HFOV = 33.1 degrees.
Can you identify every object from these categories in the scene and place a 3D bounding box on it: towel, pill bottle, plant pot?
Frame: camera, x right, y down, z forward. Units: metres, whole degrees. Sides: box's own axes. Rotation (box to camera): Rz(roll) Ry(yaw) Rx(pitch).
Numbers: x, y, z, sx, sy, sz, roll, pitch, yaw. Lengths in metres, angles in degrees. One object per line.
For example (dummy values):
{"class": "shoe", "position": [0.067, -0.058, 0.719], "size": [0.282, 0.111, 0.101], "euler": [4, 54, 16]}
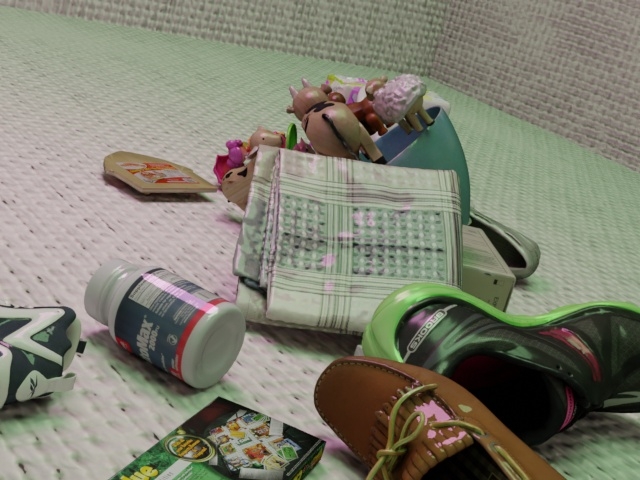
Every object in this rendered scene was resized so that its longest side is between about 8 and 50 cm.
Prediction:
··········
- _What to produce_
Without including any pictures, reproduce the data exactly.

- _Answer space_
HFOV = 33.1 degrees.
Can you identify every object from these categories in the scene and place a 3D bounding box on it: towel, pill bottle, plant pot?
Frame: camera, x right, y down, z forward. Units: metres, whole degrees. Sides: box's own axes. Rotation (box to camera): Rz(roll) Ry(yaw) Rx(pitch).
Numbers: x, y, z, sx, sy, sz, roll, pitch, yaw. Lengths in metres, angles in degrees. One object per line.
For example (dummy values):
{"class": "shoe", "position": [0.067, -0.058, 0.719], "size": [0.282, 0.111, 0.101], "euler": [4, 54, 16]}
Every object in this rendered scene was resized so that its longest side is between about 8 and 50 cm.
Prediction:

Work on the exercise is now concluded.